If every candidate used only one version of their name throughout their educational and employment history, and only ever lived in one place, there would be no need to consider which names and counties to include in a background check. However, candidates can undergo any number of changes during their educational and professional career. 

Candidates can experience the following:

  • Name change due to marriage or other reasons
  • Multiple residence addresses over time
  • Variations of a name over time (e.g., John versus Jonathan) 
  • Dropping of or adding the use of a middle name
  • Multiple addresses at once, for example, a campus address and a permanent home address

Given the breadth of available background data for each candidate, it’s essential to include all names and counties in a background check. Though some county courts levy a small search fee, you could end up paying much more by pursuing a less thorough background check. 

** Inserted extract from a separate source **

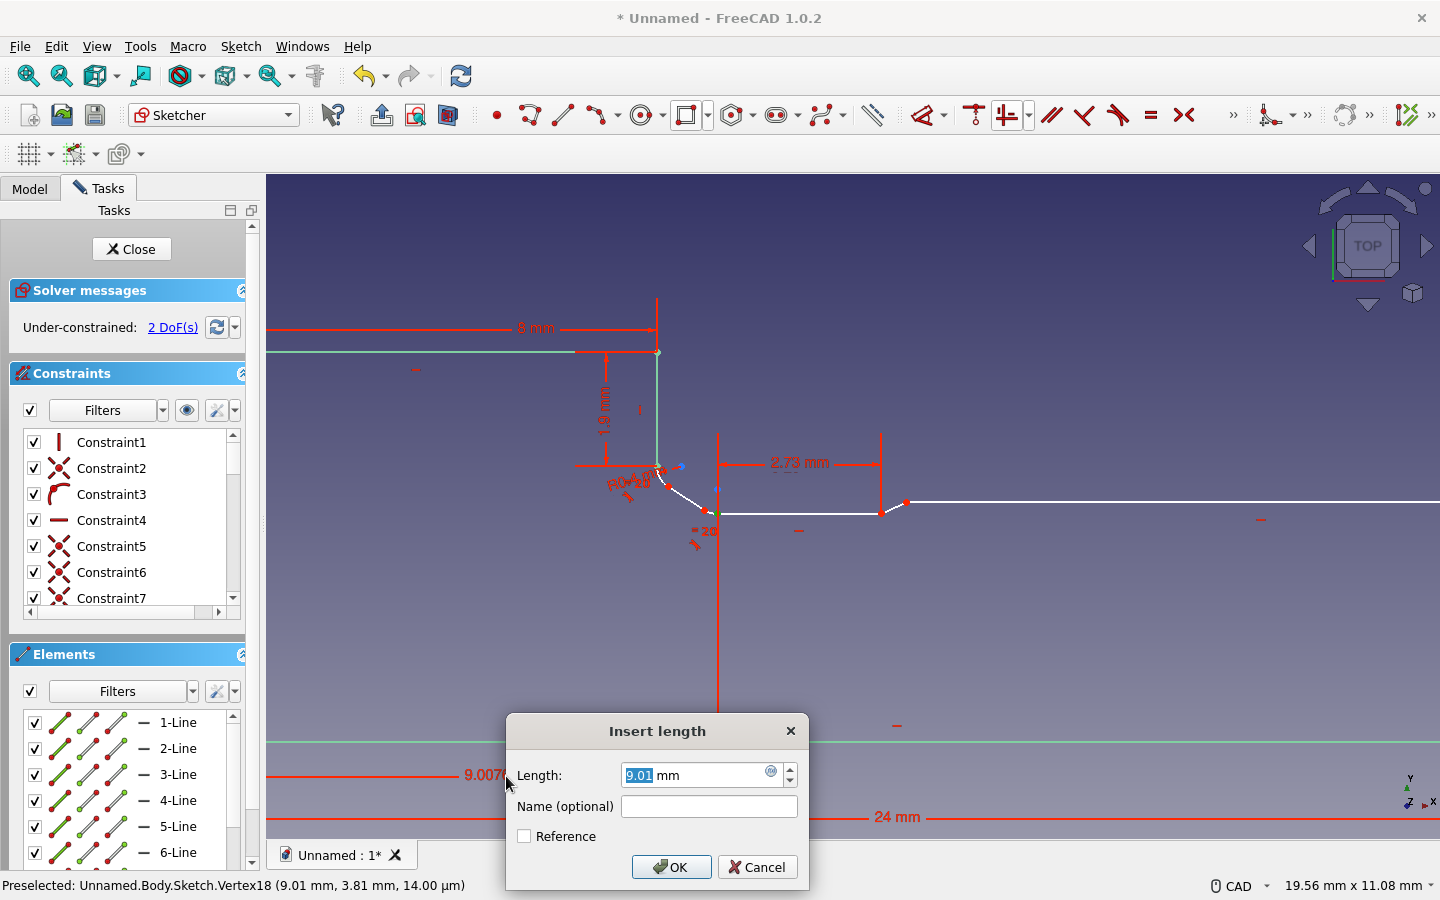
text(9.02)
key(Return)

Be sure to take into account the following considerations when deciding which combination of searches you should include in a background check:

Conduct a Social Security Number (SSN) Trace to Confirm Identity

Many background data sources rely only on name information rather than a unique identifier such as social security number (SSN). Therefore, searching for background data based on only one version of a candidate’s name can result in failing to capture critical details of a candidate’s background.

By confirming candidate identity with an SSN trace, you can possibly yield additional names for a candidate, such as aliases, maiden names, and name suffixes. Using the results from the SSN trace, your screening provider should search for all known names for a candidate. In doing so, you increase the chances of a more complete and accurate background check report.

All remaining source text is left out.